The first block corresponds to the head-and-ears array as discussed in the preceding section, with the exception of the middle ear. As a matter of fact, detailed modeling of the middle ear is deemed unnecessary in current Binaural Technology. The middle ear is approximated by a linear time-invariant bandpass, thus neglecting features such as the middle-ear reflex. Nevertheless, more elaborate models of the middle ear were readily available from literature, if needed, [146,145,147,32].

The second block includes two essential modules, cochlea simulation and simulation of subcortical binaural interaction. They will now be discussed in this order. The cochlea model simulates two primary functions, namely, a running spectral analysis of the incoming signals, and a transformation of the (continuous) mechanical vibrations of the basilar membrane into a (discrete) nerve-firing pattern: physiological analog-to-digital conversion. In doing so, it has to be considered that both spectral selectivity and A/D conversion depend on the signal amplitude, i.e., behave nonlinearly. The simplest approximation for the spectral selectivity to be simulated is by means of a bank of adjacent band-pass filters, each, for example, of critical bandwidth. This realization is often used when computing speed is more relevant than precision. More detailed modeling is achieved by including the spectrally-selective excitation at each point of the basilar membrane. The amplitude dependence of excitation and selectivity can optionally be included into the model by simulating active processes, which are supposed to be part of the functioning of the inner ear.

A more precise simulation of the physiological A/D conversion requires a stochastic receptor-neuron model to convert movement of the basilar membrane into neural-spike series. Such models have indeed been implemented for simulations of some delicate binaural effects. However, for practical applications, it is often not feasible to process individual neural impulses. Instead, one can generate deterministic signals that represent the time function of the firing probability of a bundle of nerve fibers. For further simplification, a linear dependence of the firing probability on the receptor potential is often assumed. The receptor potential is sufficiently well described for many applications by the time function of the movement of the basilar membrane, half-wave rectified and fed through of first order low-pass with a 800 Hz cut-off frequency. This accounts for the fact that, among other things, in the frequency region above about 1.5 kHz, binaural interaction works on the envelopes rather than on the fine structure of the incoming signals.

With regard to the binaural processors, the following description results from work performed in the author's lab at Bochum (e.g., [190,191,113].) First, a modified, interaural running-cross-correlation function is computed, based on signals originating at corresponding points of the basilar membranes of the two cochlea simulators , i.e., points which represent the same critical frequency. The relevance of cross-correlation to binaural processing has been assumed more than once and is, moreover, physiologically evident. A Bochum modification of cross-correlation consists in the employment of a binaural contralateral inhibition algorithm.

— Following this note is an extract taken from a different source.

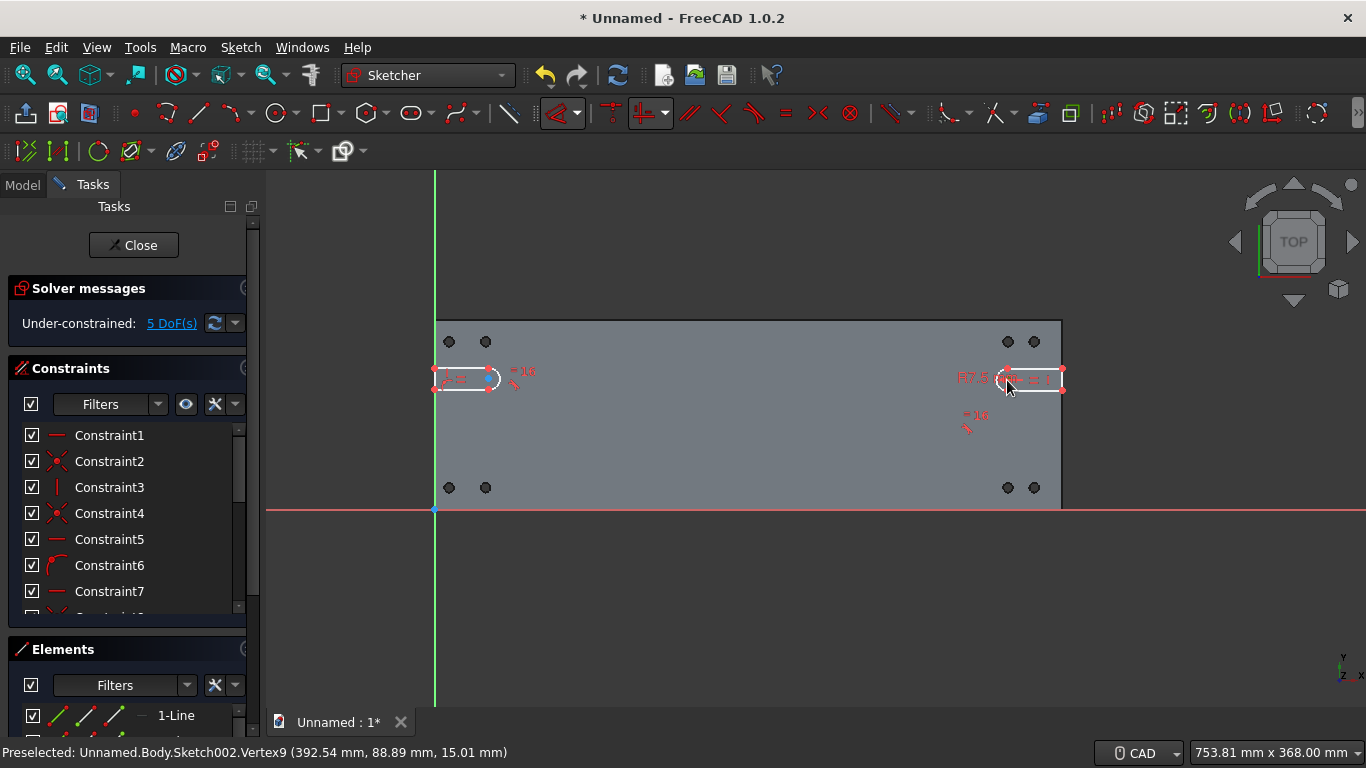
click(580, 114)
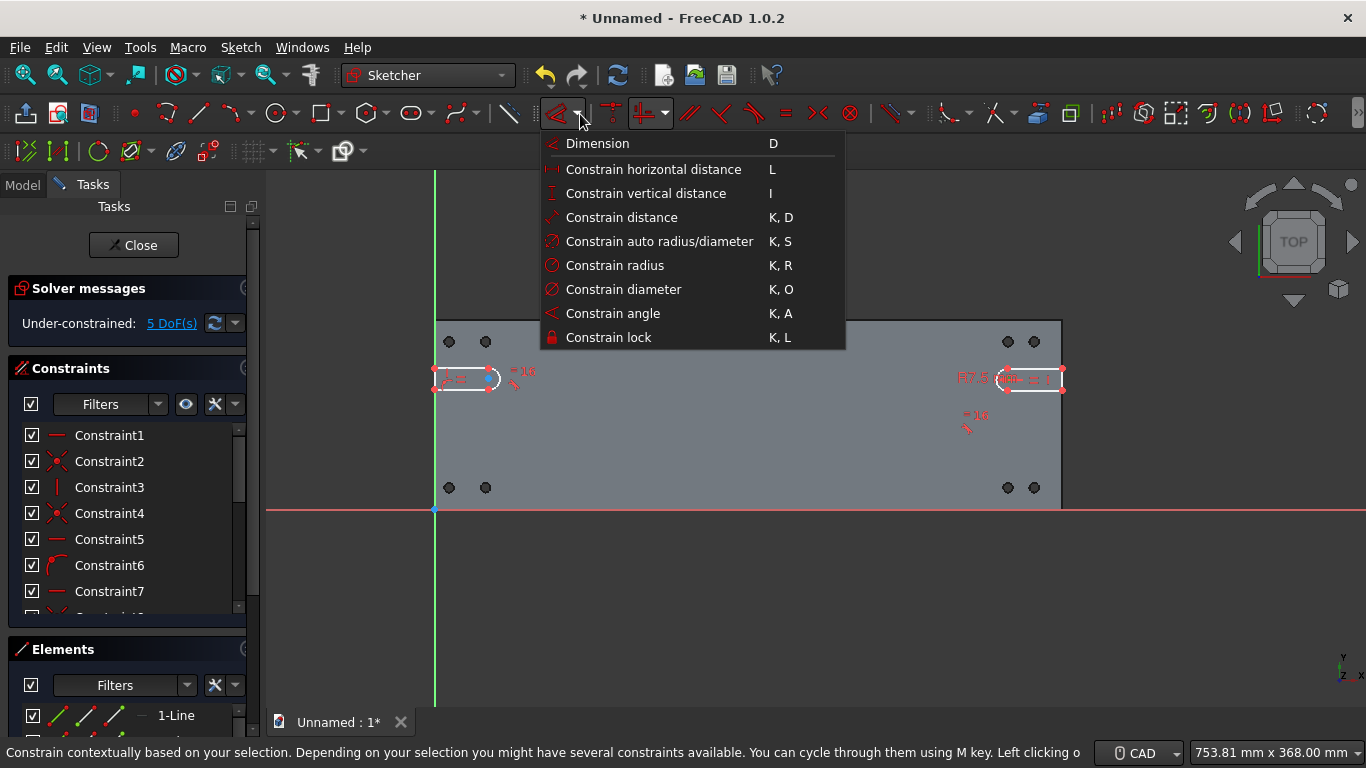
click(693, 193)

Monaural pathways are further included in the binaural processors to allow for the explanation of monaural-hearing effects.

Some details of the binaural processors are given in the following. The first stage of the processor is based on the well known coincidence-detector hypothesis. A way to illustrate this is by assuming two complementary tapped delay lines - one coming from each ear - whose taps are connected to coincidence cells which fire on receiving simultaneous excitation from both side's delay lines. It can be shown that this stage renders a family of running interaural cross-correlation functions as output. Thus we arrive at a three-dimensional pattern (interaural arrival-time difference, critical-band frequency, cross-correlation amplitude) which varies with time and can be regarded as a running binaural-activity pattern. The generation of the running cross-correlation pattern is followed by application of a mechanism of contralateral inhibition based on the following idea. Once a wavefront has entered the binaural system through the two ears, it will consequently give rise to an activity peak in the binaural pattern. Consequently, inhibition will be applied to all other possible positions of activity in each band where excitation has taken place. In each band where signals are received, the first incoming wavefront will thus gain precedence over possible activity being created by later sounds which are spectrally similar to the first incoming wavefront, such as reflections. The actual amount of inhibition is determined by specific weights which vary as a function of position and time, such as to fit psychoacoustical data. Inhibition may, for example, continue for a couple of milliseconds and then gradually die away until it is triggered again. Using this concept as well as specific algorithm of contralateral inhibition, in combination with the inclusion of monaural pathways into the processor, the processing of interaural level differences by the binaural system is properly modeled at the same time. For certain combinations of interaural arrival-time and interaural level differences, e.g. ``unnatural'' ones, the model will produce multiple peaks in the inhibited binaural activity pattern, thus predicting multiple auditory events - very much in accordance with the psychoacoustical data [114].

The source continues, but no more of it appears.